WHAT THE TASK REQUIRES → The answer should hold exactly the lines of the entries below from the one containing "Units: m, deg. One object per line." through the last line, both included.
-------- INFORMATION PROVIDED --------
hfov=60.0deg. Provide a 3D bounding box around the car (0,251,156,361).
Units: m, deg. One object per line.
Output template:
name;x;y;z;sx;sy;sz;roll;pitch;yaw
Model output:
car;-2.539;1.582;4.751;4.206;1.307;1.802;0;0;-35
--------
OUTPUT FOR THIS EXERCISE →
Units: m, deg. One object per line.
Output template:
name;x;y;z;sx;sy;sz;roll;pitch;yaw
Model output:
car;-2.539;1.582;4.751;4.206;1.307;1.802;0;0;-35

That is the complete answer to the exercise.